Markenlexikon

Cliff

Deutschland

Cliff ist ein Lehrbuchbeispiel dafür, was passiert, wenn das Marketing auch einer zunächst erfolgreichen Marke sträflich vernachlässigt wird. Bestenfalls landet man in den untersten Supermarkt-Regalen, im schlechtesten Fall verschwindet man ganz vom Markt.

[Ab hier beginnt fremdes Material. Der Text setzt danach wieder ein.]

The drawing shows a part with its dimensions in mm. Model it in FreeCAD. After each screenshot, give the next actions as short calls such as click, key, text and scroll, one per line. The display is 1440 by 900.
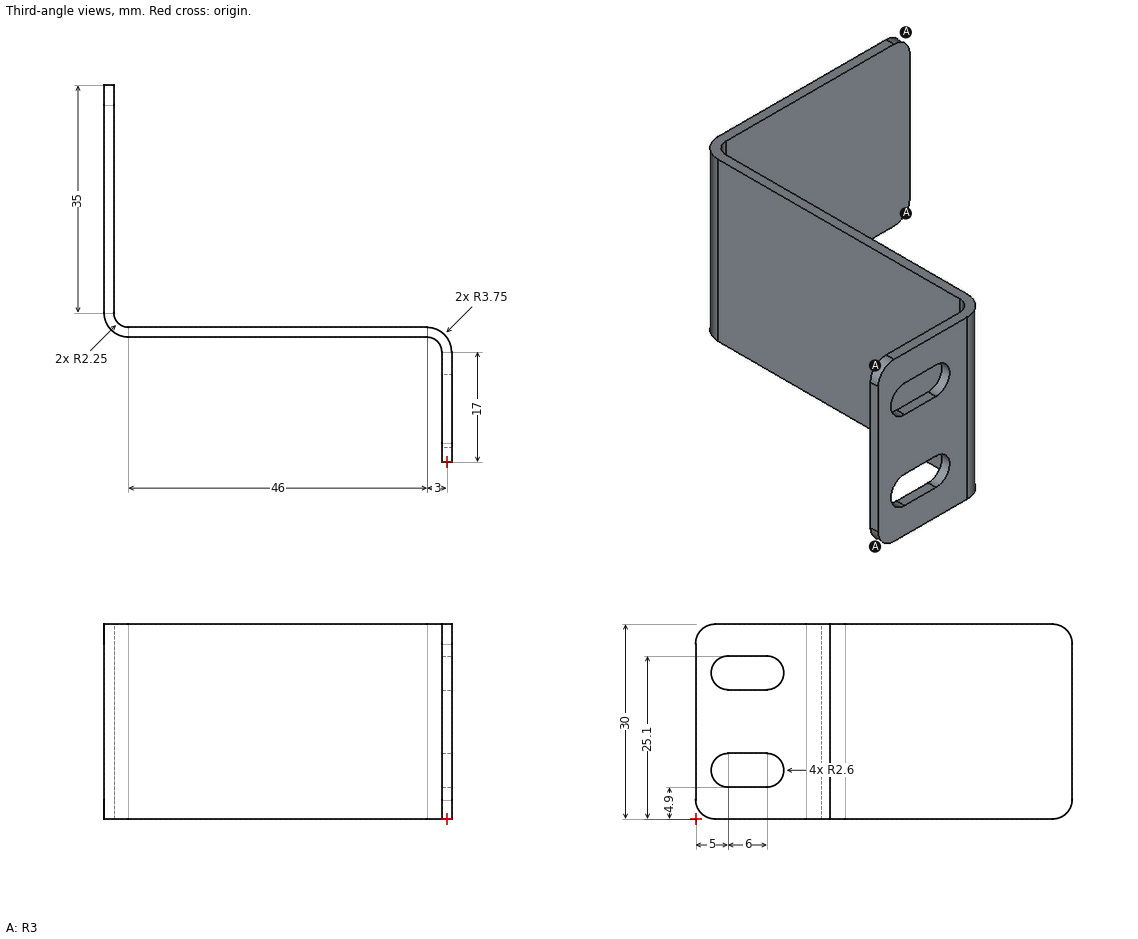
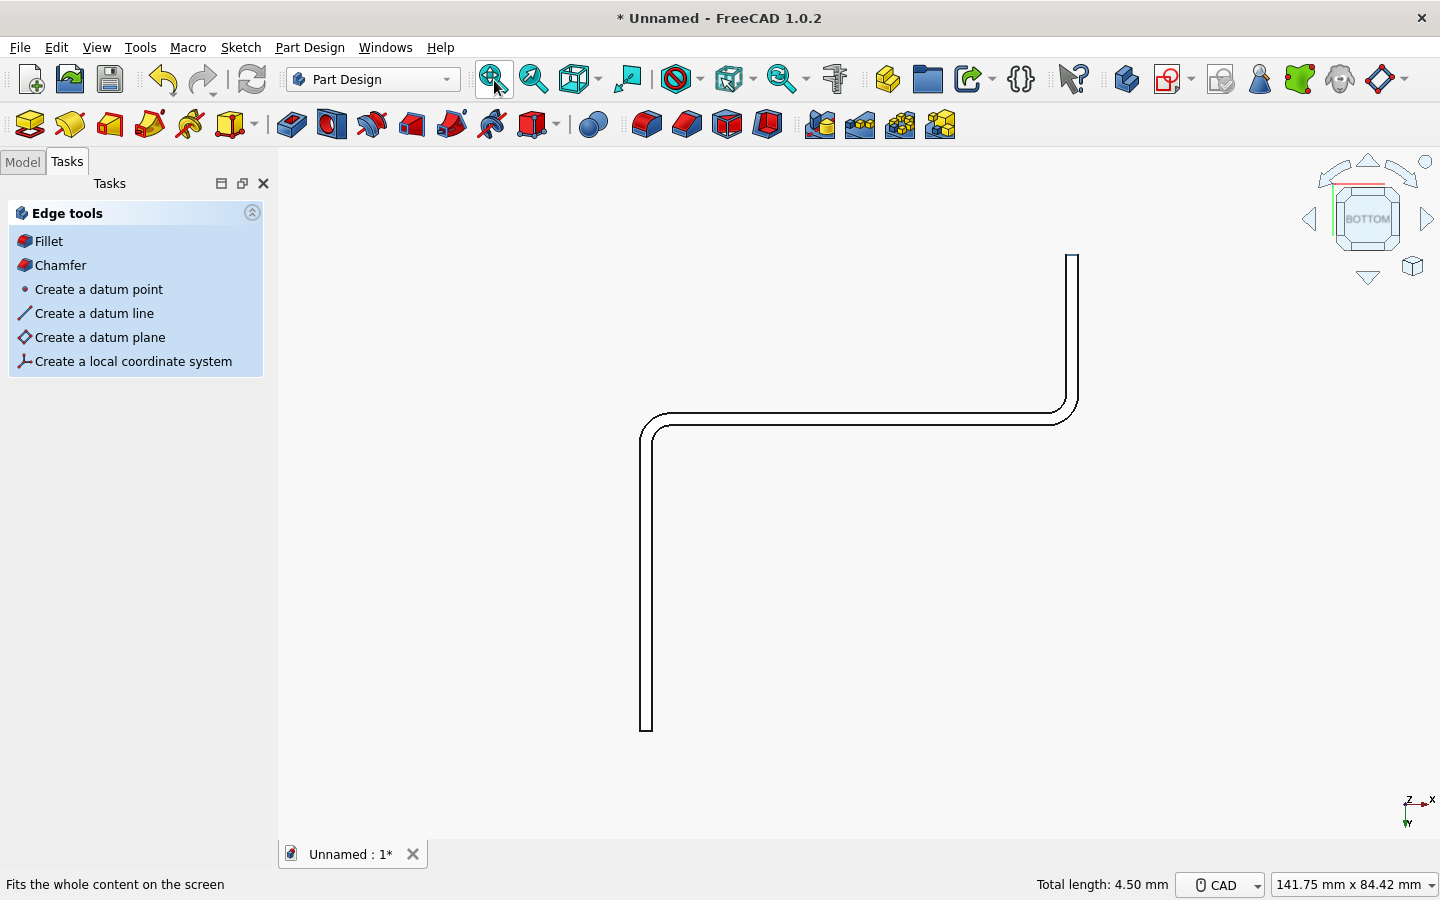
click(646, 730, ctrl)

Das Duschbad und Deodorant Cliff wurde 1988 als Konkurrenzprodukt zu der drei Jahre zuvor von Unilever/Elida-Gibbs lancierten Herrenpflegeserie Axe auf den Markt gebracht. Das Neue am Cliff-Duschbad war der Eukalyptus-Zusatz, der die Haut beim Duschen kühlte. Die dazugehörigen Werbespots wurden im Luxus-Badeort Acapulco an der mexikanischen Pazifikküste mit Hilfe von echten Acapulco-Cliffspringern (Clavadistas) gedreht – genauer gesagt am 42 Meter hohen Feslsen La Quebrada, von dem sich die Clavadistas kopfüber in die enge Meeresbucht stürzen. Selbstredend hieß eine Duftvariante dann auch Cliff Acapulco. Dank eines gelungenen Komplettpakets (Duft, Verpackungsgestaltung, Werbespots) erreichte das neue Duschbad bereits ein Jahr später die Marktanteile des damals fast 20 Jahre alten Platzhirschs Fa von Henkel.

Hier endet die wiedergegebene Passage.